The you-could-look-it-up rule. There are publications about an amazing selection of judicial topics, including what to do when lawyers shout, “I object!”

Justice Pfau said: “You have to know there is a book called ‘New York Objections.’ It’s a great book.”

The sometimes-you-just-have-to-decide rule. “I was always looking for the rule,” Justice Pfau said, “and someone said, ‘You know, there’s not always a rule.’ And that was a revelation to me.”

The poker-face rule.
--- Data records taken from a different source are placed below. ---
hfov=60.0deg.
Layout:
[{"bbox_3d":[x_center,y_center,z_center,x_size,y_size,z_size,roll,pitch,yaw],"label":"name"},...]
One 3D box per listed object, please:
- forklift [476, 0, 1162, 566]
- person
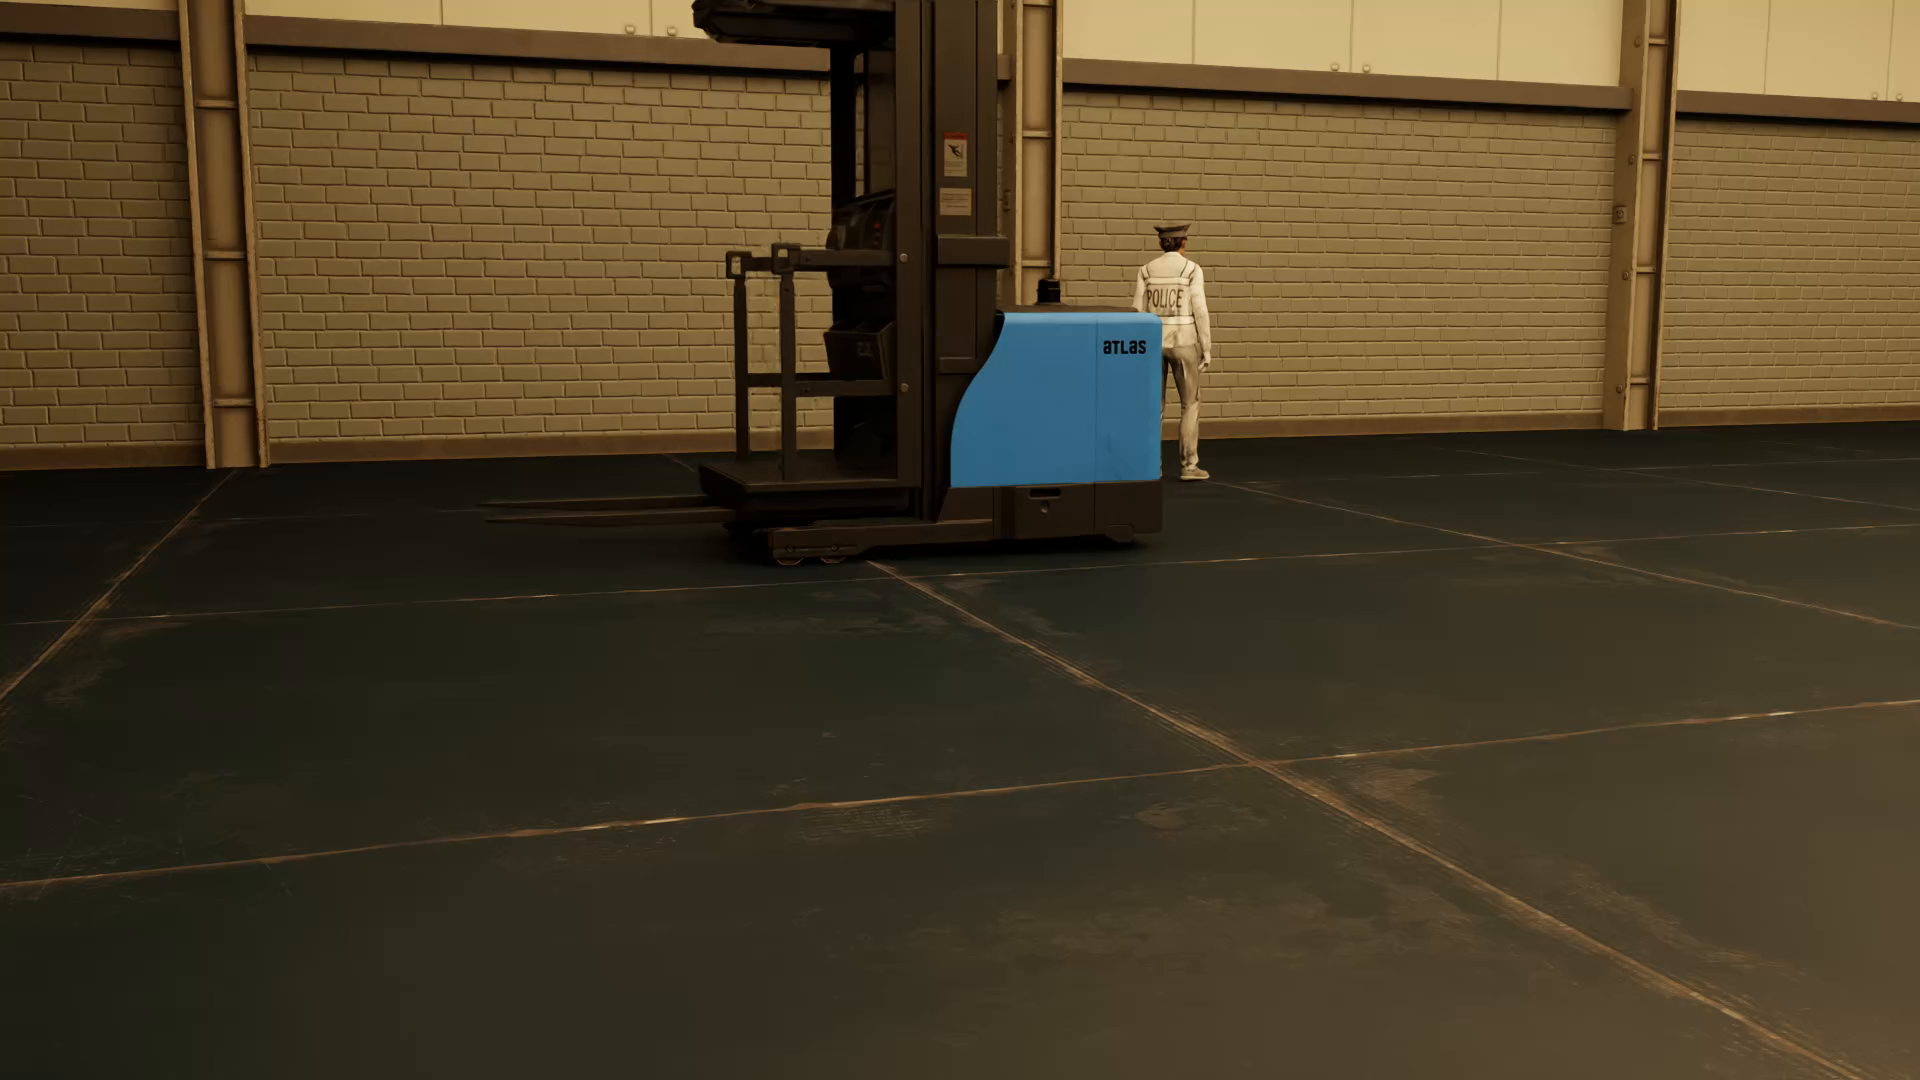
[{"bbox_3d":[-0.637,-1.420,7.489,3.031,2.935,1.130,-3,8,-19],"label":"forklift"},{"bbox_3d":[1.358,-1.216,10.719,0.531,1.665,0.371,4,9,25],"label":"person"}]

Judges are supposed to look alert and neutral. “I have to say to myself: ‘Sit up straight,’ ” Justice Pfau said. “And you can’t let your facial expressions show if you think it’s the stupidest question ever asked.”

The when-in-doubt rule. “The only advice I gave her,” said Justice Karen B. Rothenberg, “was, ‘If you have any trouble with anything whatsoever, it’s a good time to take a recess.’ ”

Not all of Justice Pfau’s lessons can easily be reduced to rules. For example, she said, one judge seemed to be asleep. But then he would snap to. What would be the lesson there? Try to keep listening if your eyelids get heavy?

These are the “rules” from the judge’s perspective, the tools to survive in a courtroom stuffed to the gills with lawyers who try case, represent real-life breathing clients, live and die in the courtroom.  But understanding these rules, and knowing which applies when, and more importantly, the impact of these rules on the lives of real people, requires context.  Without experience in the courtroom, there is no context.

Of course, after leaving her post as Chief Administrator, what else could Ann Pfau do than be a trial court judge? She had no practice to return to. She already had the robe.  It’s hard to leave a life where people behave obsequiously around you. Judge it is, then.

On the other hand, had she been a lawyer working in some other bureaucratic capacity her entire career, and decided at 64 that she wanted to be a judge, would anyone have even given her a second thought as being qualified for the job?  Her application wouldn’t have made it past the circular file. There isn’t a thing about her experience that suggests qualifications for the bench. Nothing.

And yet, she now sits in Kings Supreme in charge of a civil trial part.

It may turn out that Judge Pfau is a fabulous judge, one of the best ever to preside in the New York State Supreme Court. Weirder things have happened. I certainly hope so, as no doubt do the litigants and lawyer who will appear before her.  But it doesn’t answer the question.  Rule and roll, Judge.

4 thoughts on “Crash Course, or Just Crash?

  1. Oscar Michelen

    She should ask Chief Justice Jonathan Lippman of the Court of Appeals who rose to that position having only been a court administrator; but then again , he couldn’t be much help since he never tried a case as a lawyer or a judge either.

  2. SHG

    I asked similar questions when it was announced that Judge Lippman would replace Judge Kaye, though as an appellate judge, knowledge of the nuts and bolts of trial work isn’t quite as critical.

  3. Dan

    Maybe I’m imagining things, but when I read the original NYTimes article, the Judge’s tone and that of her colleagues seemed awfully light hearted and jocular. Nice to see everyone having fun.

  4. SHG

    I didn’t get any sense of concern at all. It almost seemed as if they forgot what the rules were about.